Beyond reworking its approach with those perhaps overly ambitious connected devices, Kano has additional release plans in its pipeline — with Klein mentioning that additional co-branded products will be coming next year.
He says Kano is also eyeing expanding into more markets. “There’s a significant market for Kano even beyond our traditional leading position amongst 6-13 year olds in the US and the UK. There’s a really strong market for people who are beyond the US and the UK and we’re now at a scale where we can start really investing in these distribution and localization relationships that have come our way since year one,” he says.

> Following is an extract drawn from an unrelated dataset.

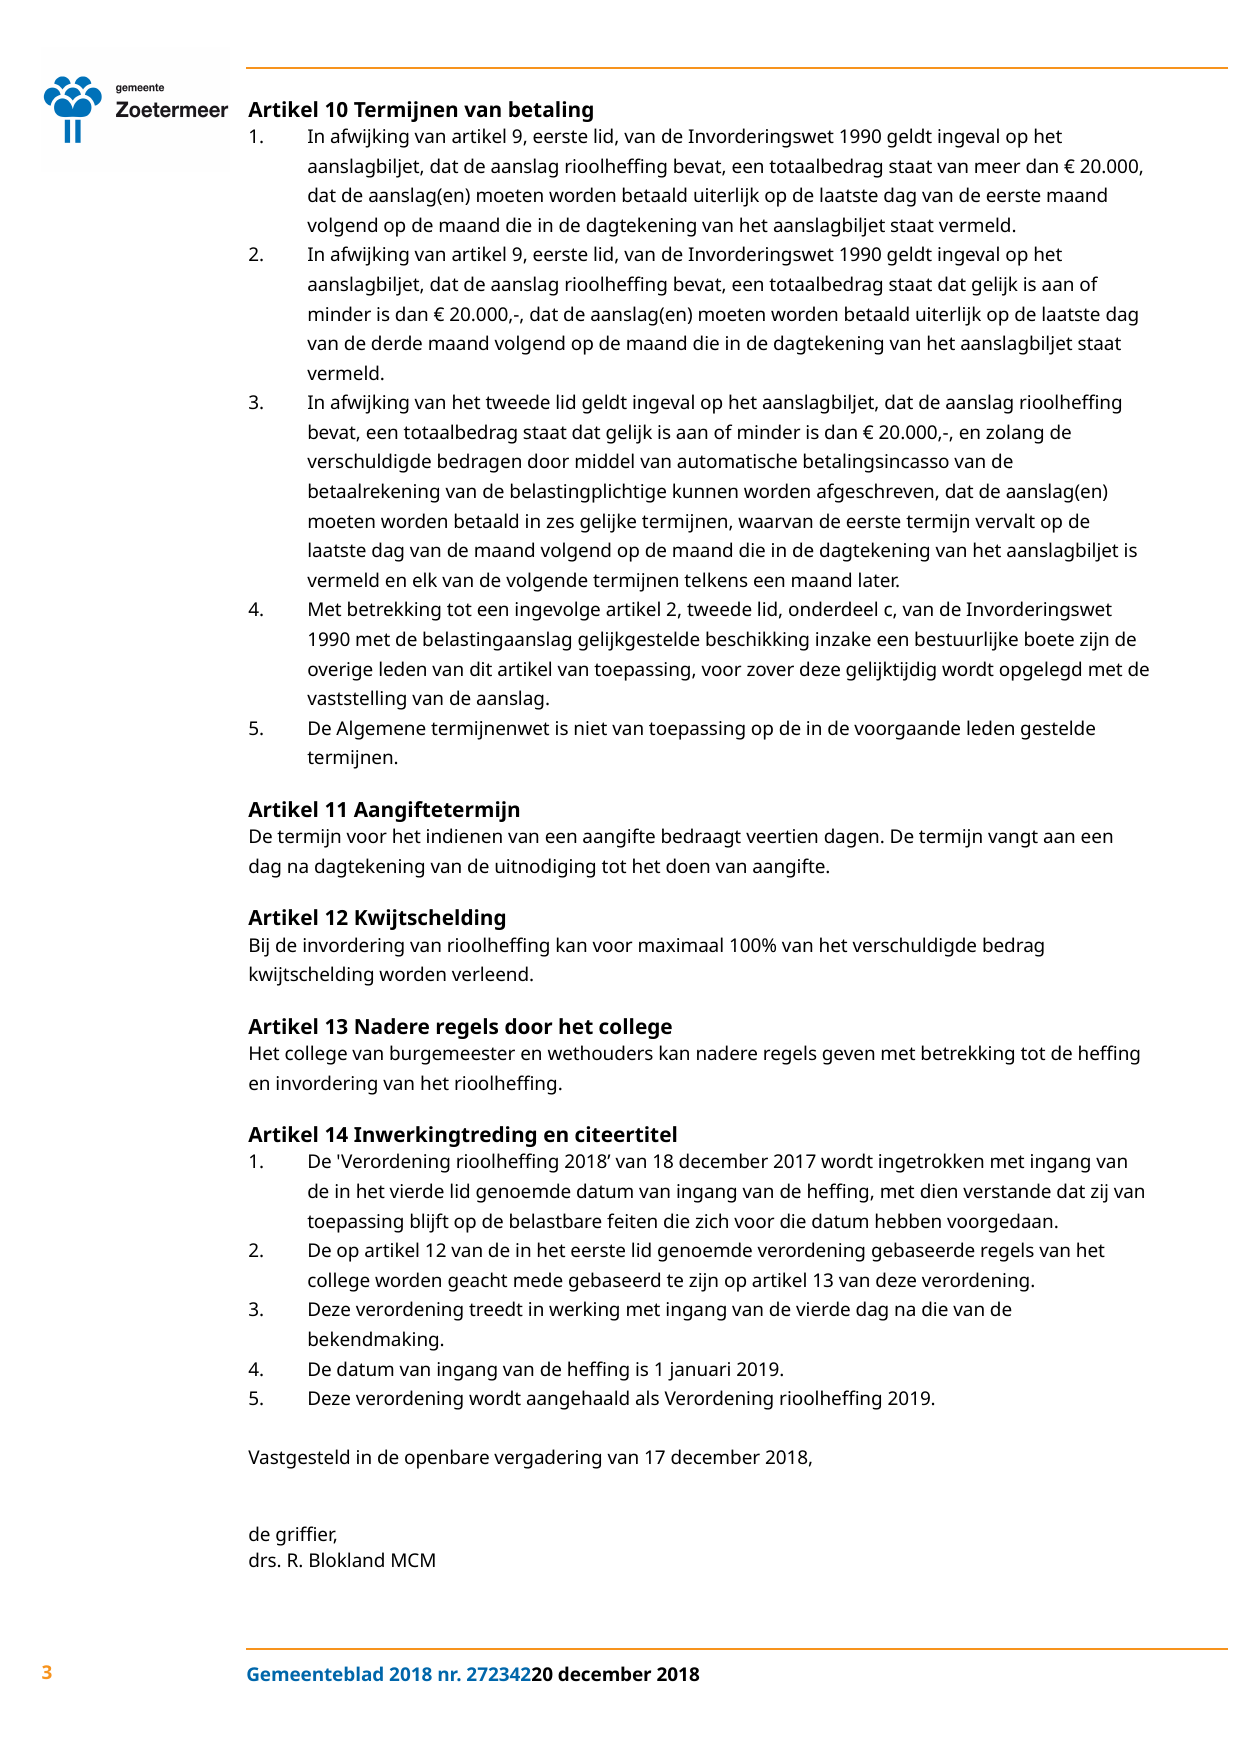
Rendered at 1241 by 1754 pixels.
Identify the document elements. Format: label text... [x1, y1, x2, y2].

And he at least entertains the idea of a future Kano device that does away with a keyboard entirely — and goes all in on touch — when we suggest it.
“Would we move to a place where we have no keyboard in a Kano computer? I think it’s very possible,” he says. “It might be a different form factor, it might be smaller, it might fit in your pocket, it might have connectivity — that kind of stuff.”
Which sort of sounds like Kano’s thinking about making a DIY smartphone. If so, you heard it here first.
The five and a half year old London-based startup is not yet profitable but Klein flags growth he dubs “fast enough” (noting it doubled sales year-over-year last year, a “trend” he says continued in the first half of this year), before adding: “It’s not impossible for us to get to profitability. We have a lot of optionality. But at the moment we are making investments — in software, in team — we have partner products coming out like Harry, we’ll have more coming out next year. So in terms of absolute positive EBITDA not yet but we are profitable on a units basis.”
Kano closed a $28M Series B last year — and has raised some $44.5M in all at this stage, according to Crunchbase. Is it raising more funding now? “I think any entrepreneur who is looking to do something big is always in some sense keeping an eye out for sources of capital,” replies Klein. “As well as sources of talent.”
He points by way of a connected aside to this study of C-suite execs, carried out by Stripe and Harris poll, which found that access to software developers is a bigger constraint than access to capital, saying: “I read that and I thought that that gap — between the 1% of 1% who can develop software or hardware and the rest of us — is exactly the challenge that Kano set out to solve from a consumer and education perspective.”
“In terms of fundraising we do get a lot of inbound, we have great investors at the moment,” he adds. “We do know that the scale of this particular challenge — which is demystify technology, become synonymous with learning to code and making your own computers — that requires significant support and we’ll be continuing to keep our eyes out as we grow.”